▸ **Records to process**:
================================

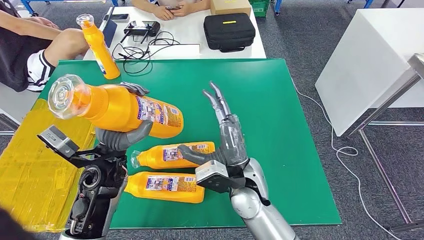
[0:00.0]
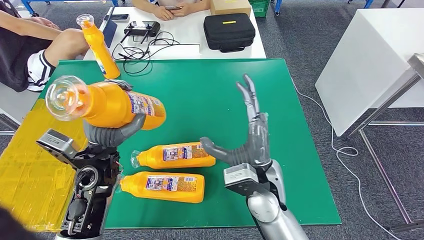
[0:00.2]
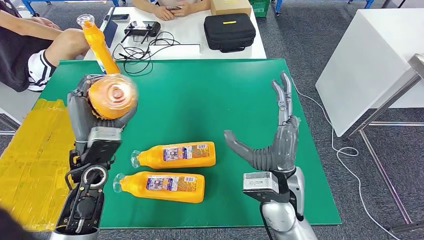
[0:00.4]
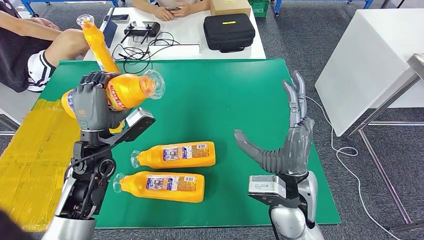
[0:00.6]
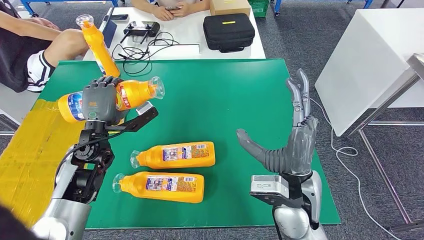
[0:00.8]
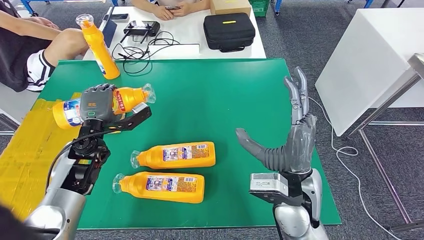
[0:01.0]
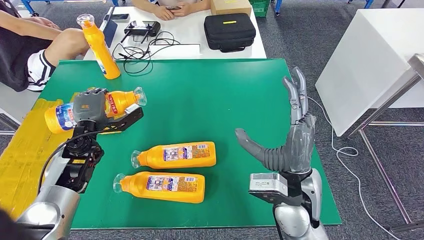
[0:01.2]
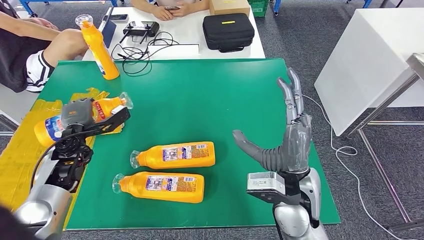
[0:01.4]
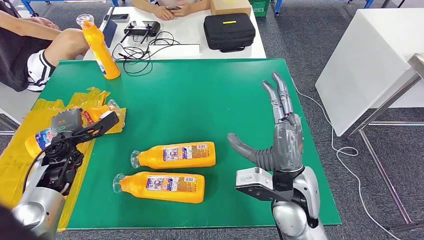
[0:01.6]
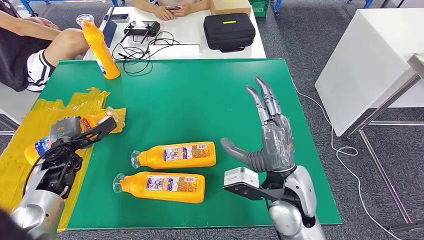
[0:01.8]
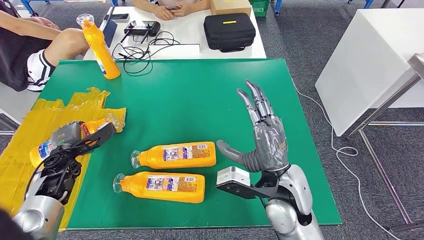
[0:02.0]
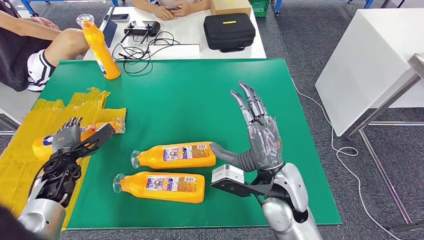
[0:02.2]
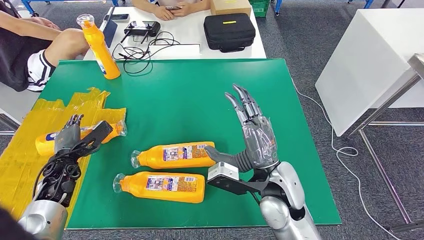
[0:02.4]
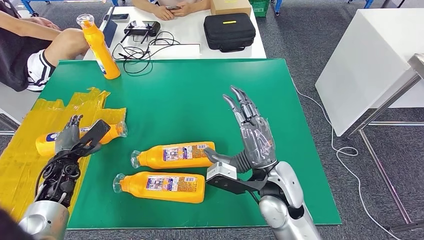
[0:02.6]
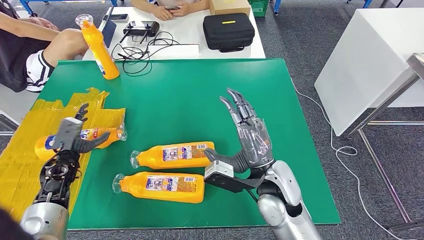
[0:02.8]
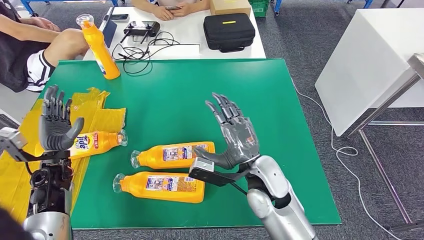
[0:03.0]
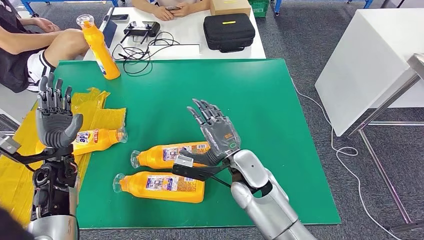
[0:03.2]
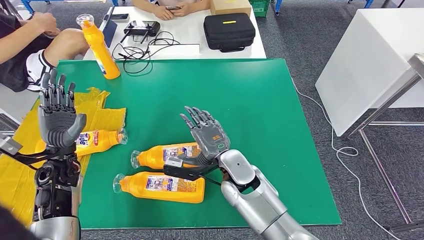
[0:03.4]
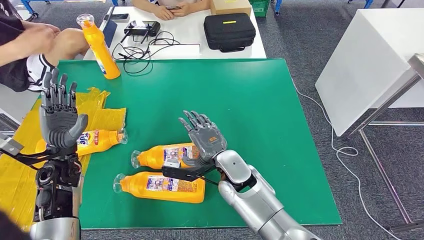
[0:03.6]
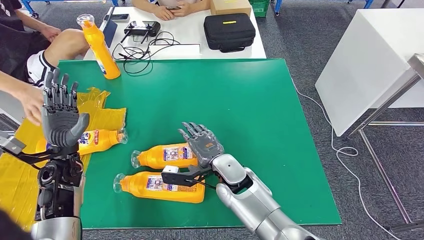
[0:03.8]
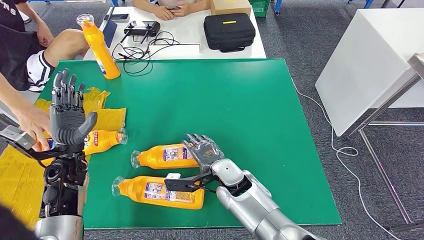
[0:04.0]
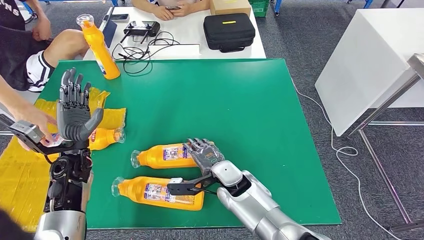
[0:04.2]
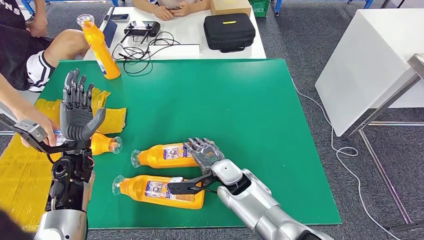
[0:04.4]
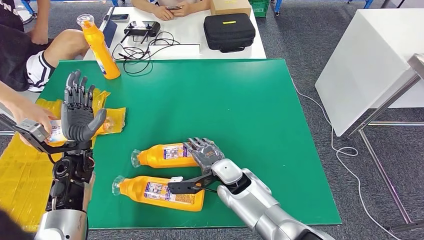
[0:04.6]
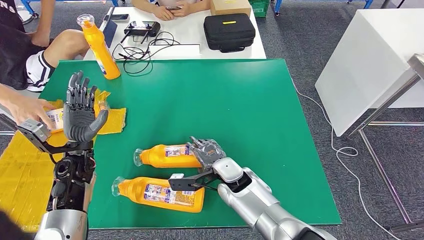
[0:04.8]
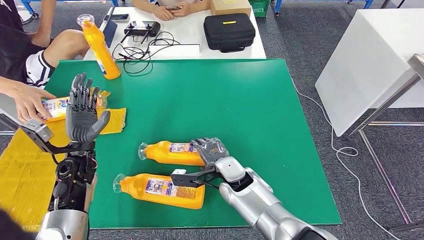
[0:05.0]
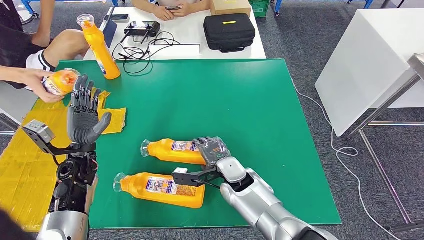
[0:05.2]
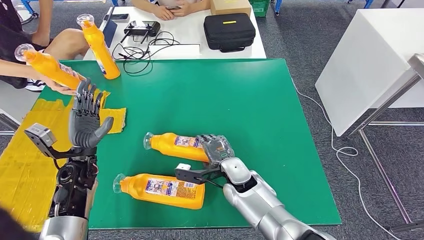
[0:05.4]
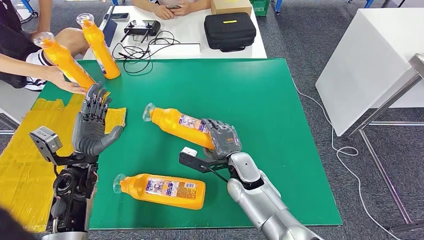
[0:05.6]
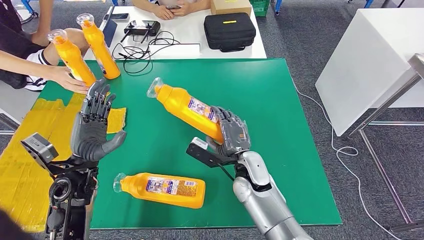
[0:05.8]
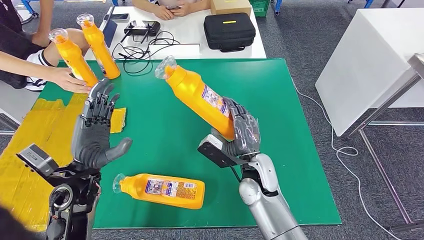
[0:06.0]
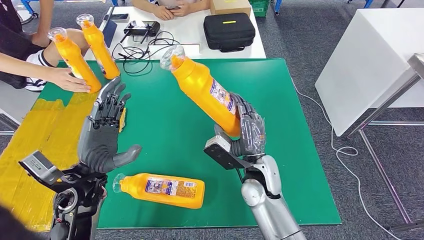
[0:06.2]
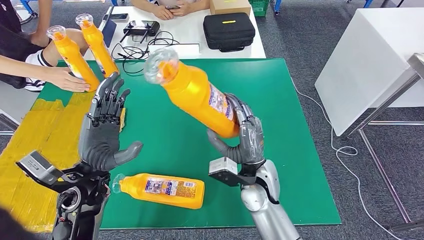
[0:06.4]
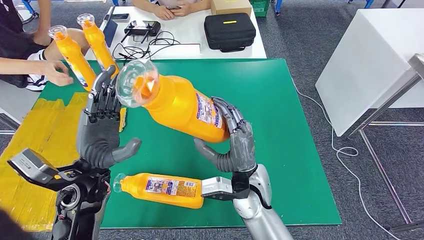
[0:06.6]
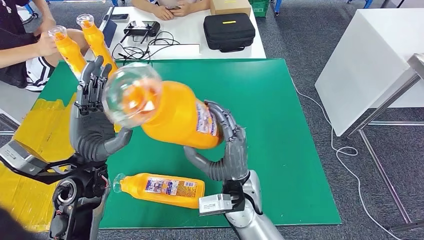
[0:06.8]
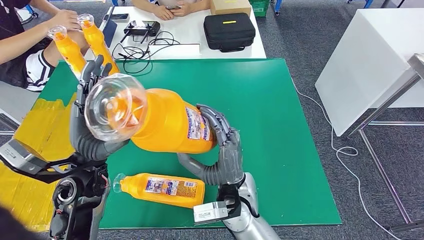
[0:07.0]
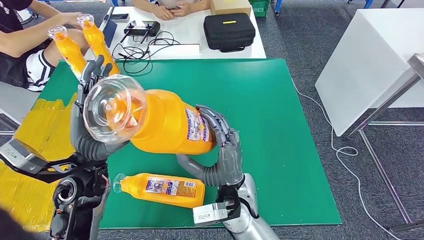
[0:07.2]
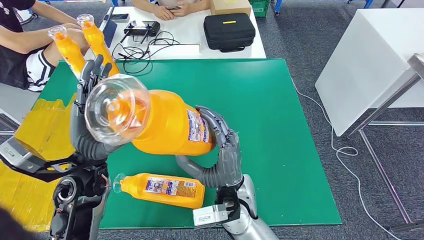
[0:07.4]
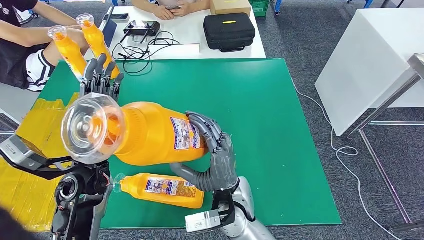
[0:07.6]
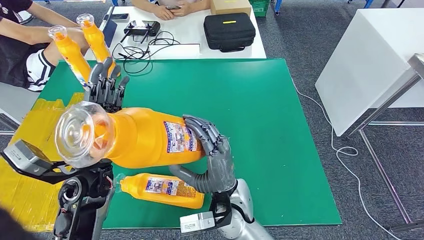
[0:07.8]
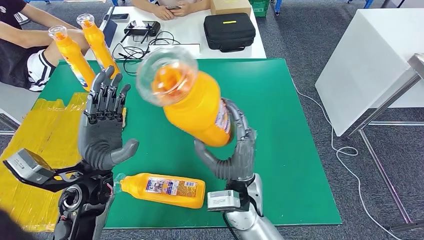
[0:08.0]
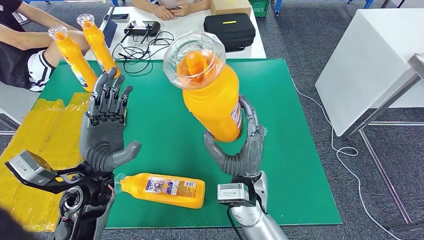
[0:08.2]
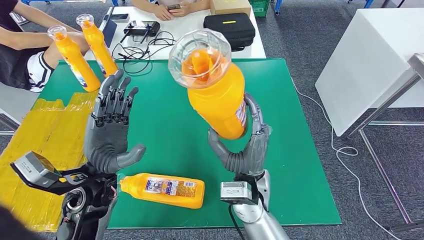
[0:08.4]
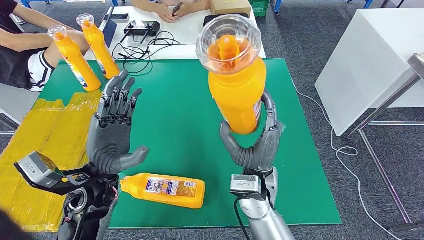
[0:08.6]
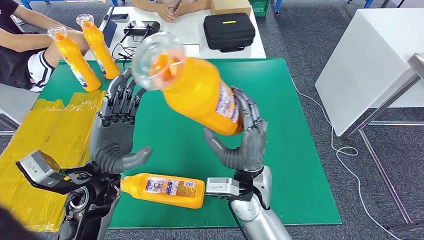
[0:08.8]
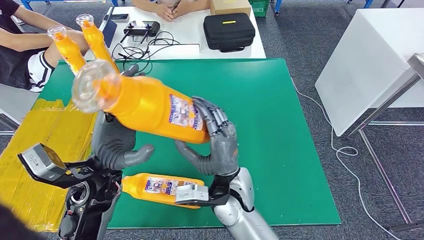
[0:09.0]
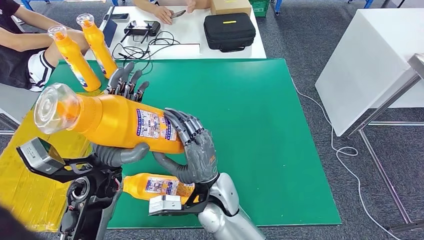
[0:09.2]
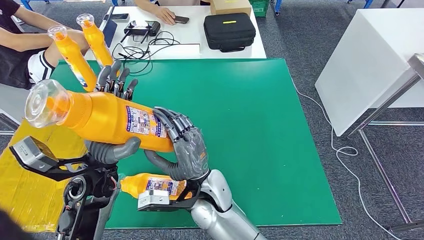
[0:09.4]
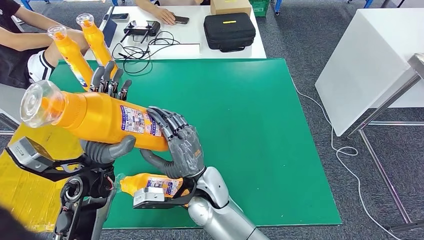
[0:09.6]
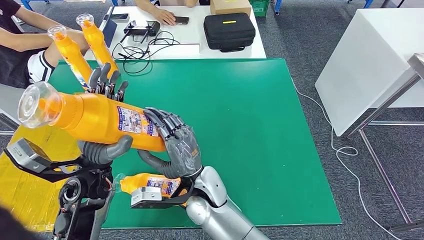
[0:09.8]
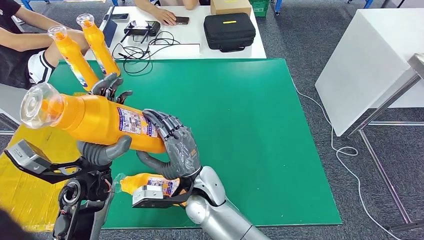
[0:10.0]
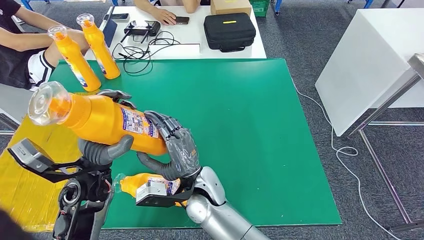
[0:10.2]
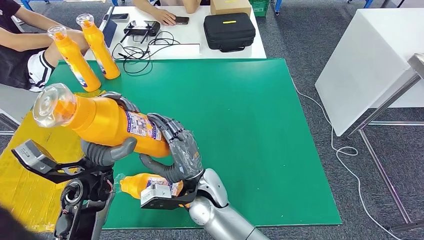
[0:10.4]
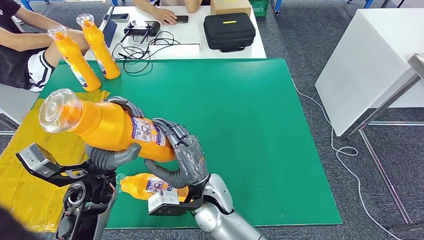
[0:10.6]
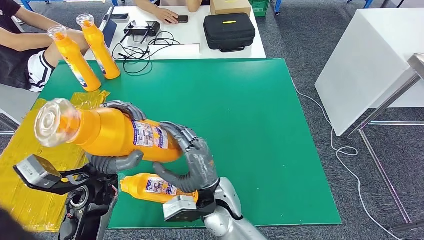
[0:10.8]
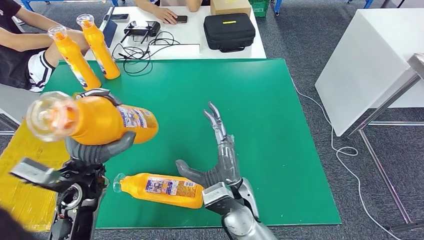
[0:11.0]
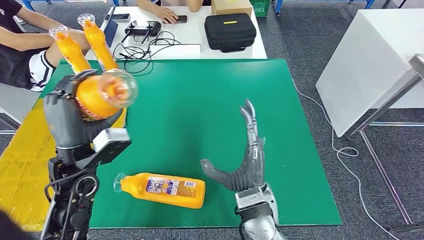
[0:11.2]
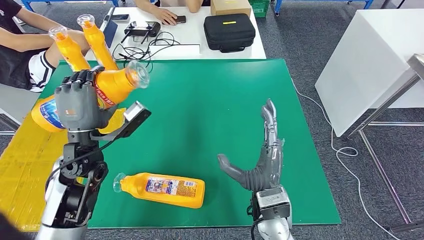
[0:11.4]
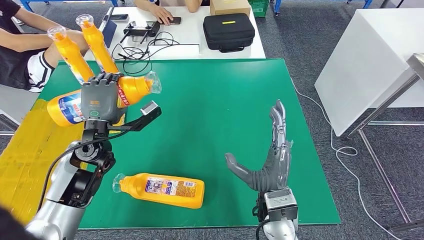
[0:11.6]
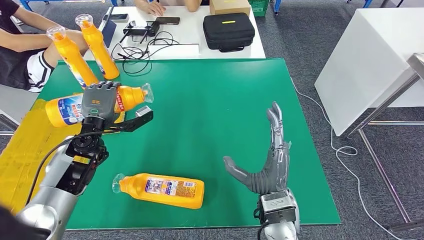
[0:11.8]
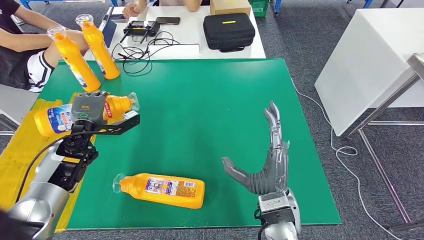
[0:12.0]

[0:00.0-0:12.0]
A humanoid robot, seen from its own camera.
Step, 0:00.0 to 0:02.6: Flip the fast-moving consumer goods bottle to the front side.
Step, 0:02.8 to 0:07.4: Pick up the fast-moving consumer goods bottle from the table.
0:01.6 to 0:03.0: The right hand shifts by roughly 5 cm.

================================

▸ **Your instructions**: Without any of the pictures, set the entries down again exactly as written.

▸ **Completed exercise**:
[0:00.0]
[0:00.2]
[0:00.4]
[0:00.6]
[0:00.8]
[0:01.0]
[0:01.2]
[0:01.4]
[0:01.6]
[0:01.8]
[0:02.0]
[0:02.2]
[0:02.4]
[0:02.6]
[0:02.8]
[0:03.0]
[0:03.2]
[0:03.4]
[0:03.6]
[0:03.8]
[0:04.0]
[0:04.2]
[0:04.4]
[0:04.6]
[0:04.8]
[0:05.0]
[0:05.2]
[0:05.4]
[0:05.6]
[0:05.8]
[0:06.0]
[0:06.2]
[0:06.4]
[0:06.6]
[0:06.8]
[0:07.0]
[0:07.2]
[0:07.4]
[0:07.6]
[0:07.8]
[0:08.0]
[0:08.2]
[0:08.4]
[0:08.6]
[0:08.8]
[0:09.0]
[0:09.2]
[0:09.4]
[0:09.6]
[0:09.8]
[0:10.0]
[0:10.2]
[0:10.4]
[0:10.6]
[0:10.8]
[0:11.0]
[0:11.2]
[0:11.4]
[0:11.6]
[0:11.8]
[0:12.0]

[0:00.0-0:12.0]
A humanoid robot, seen from its own camera.
Step, 0:00.0 to 0:02.6: Flip the fast-moving consumer goods bottle to the front side.
Step, 0:02.8 to 0:07.4: Pick up the fast-moving consumer goods bottle from the table.
0:01.6 to 0:03.0: The right hand shifts by roughly 5 cm.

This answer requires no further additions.